Results: We propose a new method to predict protein structural classes on the basis of features
extracted from the predicted secondary structures of proteins rather than directly from their
amino acid sequences. It first uses PSIPRED to predict the secondary structure for each protein
sequence. Then, the chaos game representation is employed to represent the predicted secondary
structure as two time series, from which we generate a comprehensive set of 24 features using
recurrence quantification analysis, K-string based information entropy and segment-based analysis. The
resulting feature vectors are finally fed into a simple yet powerful Fisher’s discriminant algorithm
for the prediction of protein structural classes.
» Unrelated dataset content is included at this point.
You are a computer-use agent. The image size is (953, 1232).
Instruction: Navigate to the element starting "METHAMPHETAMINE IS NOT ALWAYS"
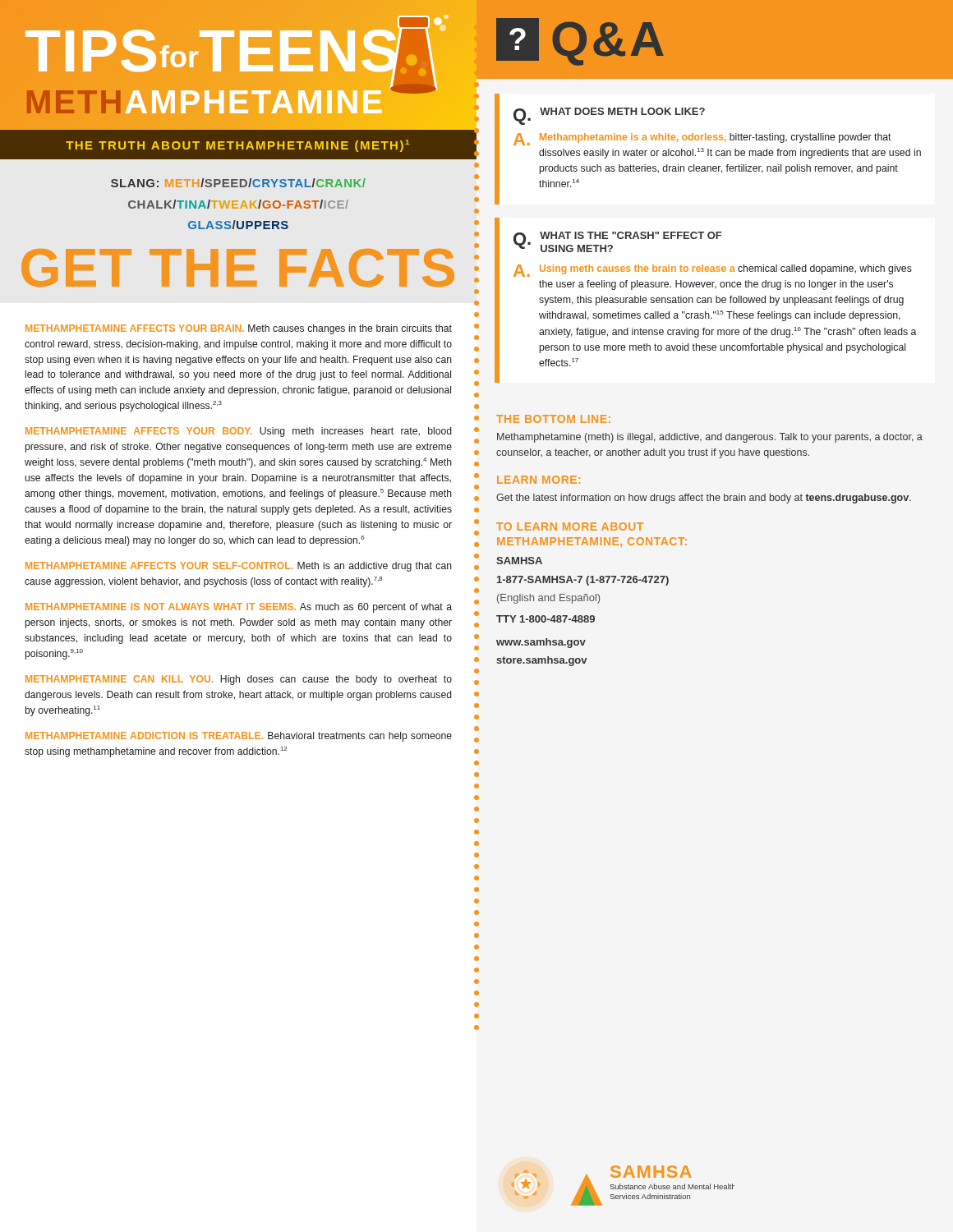pos(238,630)
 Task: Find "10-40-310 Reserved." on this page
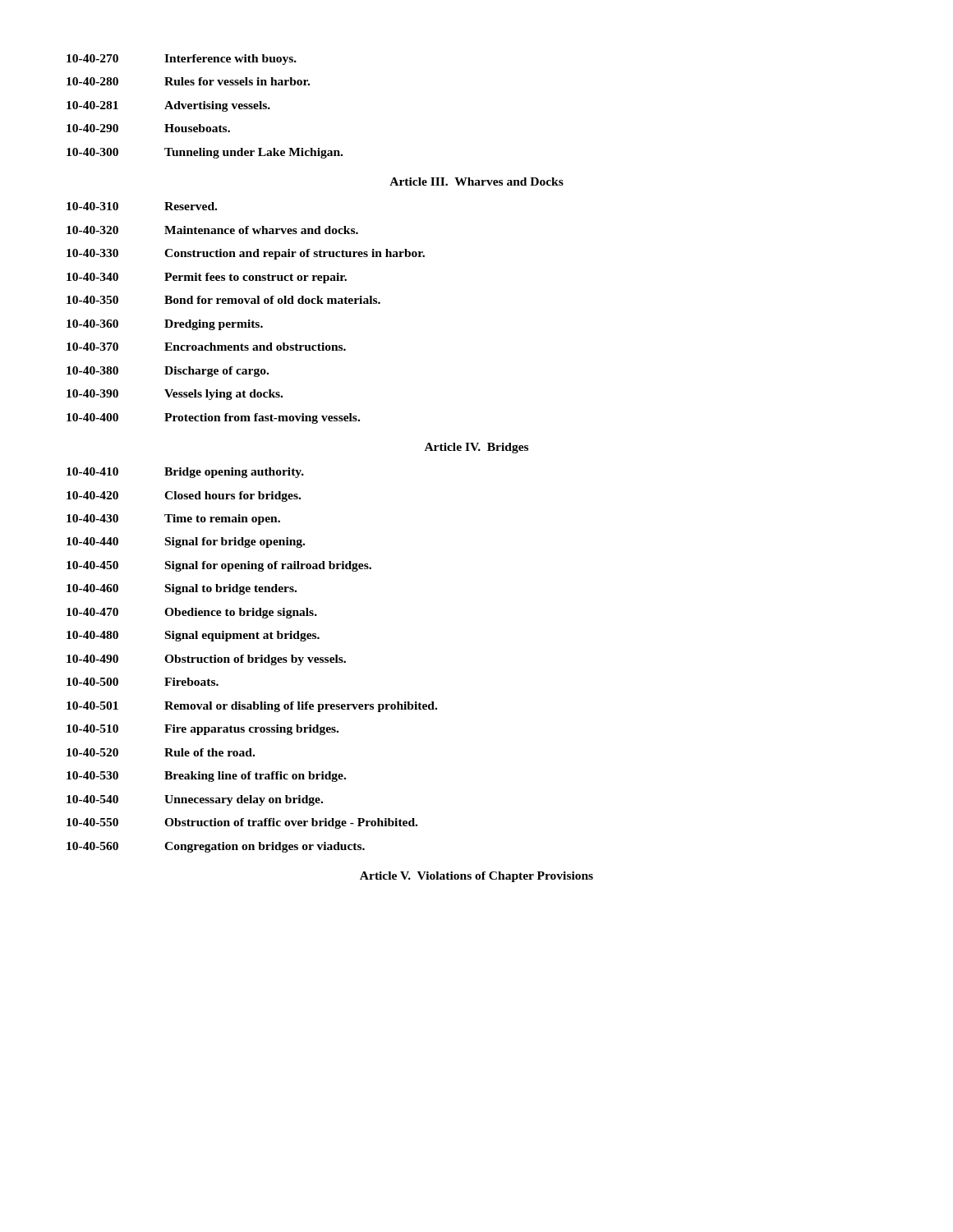pos(88,206)

We tested the proposed method on three
benchmark datasets in low homology and achieved the overall prediction accuracies of 82.9%,
83.1% and 81.3%, respectively. Comparisons with ten existing methods showed that our method
consistently performs better for all the tested datasets and the overall accuracy improvements
range from 2.3% to 27.5%. A web server that implements the proposed method is freely available at
http://www1.spms.ntu.edu.sg/~chenxin/RKS_PPSC/.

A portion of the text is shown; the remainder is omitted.